Extended Data Fig. 6
Extended Data Fig. 6. Semantic selectivity during naturalistic story narratives.
a, Comparison of average decoding performances (± s.d., blue, n = 200 iterations) for sentences and naturalistic story narratives, matched based on the number of neurons (left: 2 neurons, right: 5 neurons). b, Comparison of average decoding performances (± s.d., blue, n = 200 iterations) for sentences, matched based on the number of single-units or multi-units (left: 2 units, right: 5 units). Chance decoding performances are given in gray.
Extended Data Fig. 7
Extended Data Fig. 7. Population organization of semantic representations.

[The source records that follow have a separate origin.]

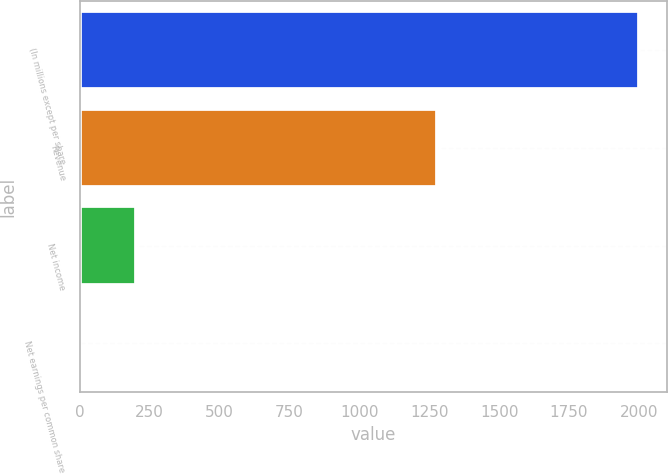Convert chart. <chart><loc_0><loc_0><loc_500><loc_500><bar_chart><fcel>(In millions except per share<fcel>Revenue<fcel>Net income<fcel>Net earnings per common share<nl><fcel>2000<fcel>1277<fcel>200.94<fcel>1.04<nl></chart> 
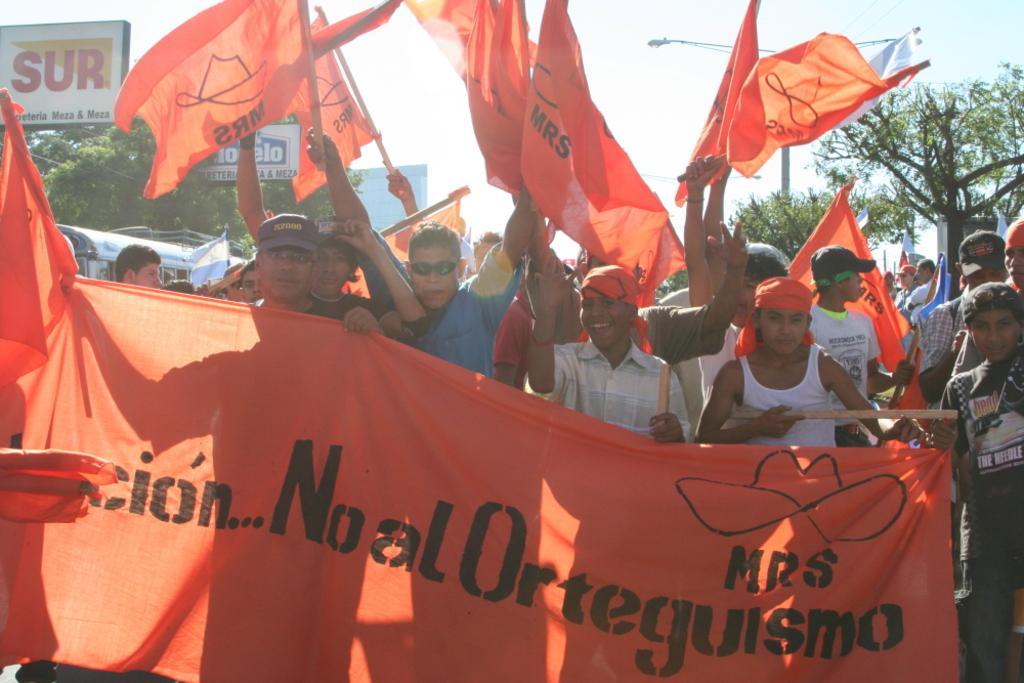Describe this image in one or two sentences. In this image, I can see a group of people standing and holding a banner and flags. Behind the people, there are boards, trees, a street light and a vehicle. In the background, there is the sky. 
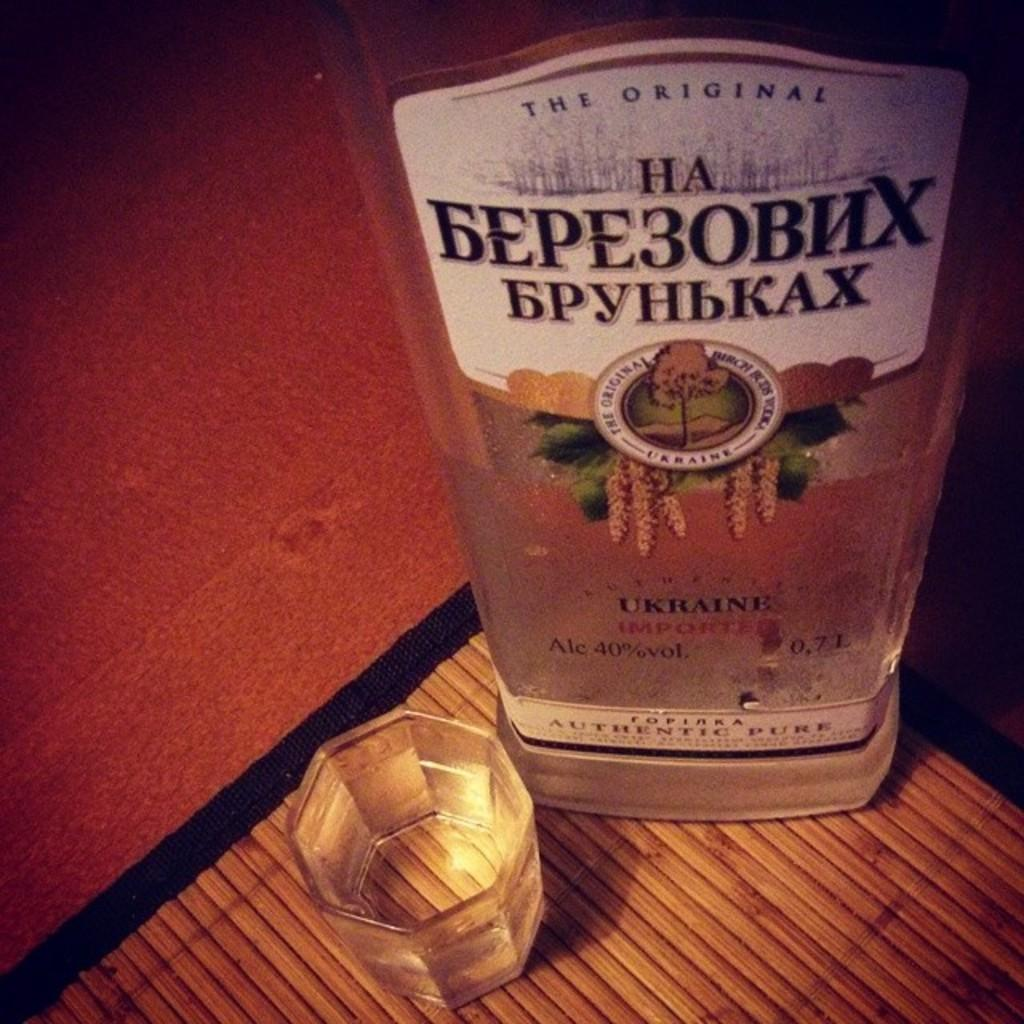<image>
Render a clear and concise summary of the photo. A bottle of alcohol from the Ukraine is next to a shot glass.

a, Contribution to percent variance explained in PC space for word projections across participants using a participant-dropping procedure (first 5-15 PCs; two-sided z-test; p > 0.7). b, Correlation between the vectoral cosine distances between PC-reduced word-projections derived from the neural data and PC-reduced vectors derived from the 300-dimensional word embedding space (n = 258,121 possible word-pairs; note that not all pairs were used for all recordings per neuron since certain words were not heard by all participants). c, Difference in neuronal activities (n = 19 neurons, p = 0.048, two-sided paired t-test, t(18) = 2.12) for word pairs whose vectoral cosine distances were far versus near in the word embedding space. d, Relation between neuronal activity and word meaning similarity using a non-embedding based ‘synset’ approach (n = 100 bins, Pearson’s correlation r = −0.76, p = 0.001). Here, the degree of similarity ranges from 0 to 1.0, with a value of 1.0 indicating that the words are highly similar in meaning (e.g., “canine” and “dog”) and 0 indicating that their meanings are largely distinct.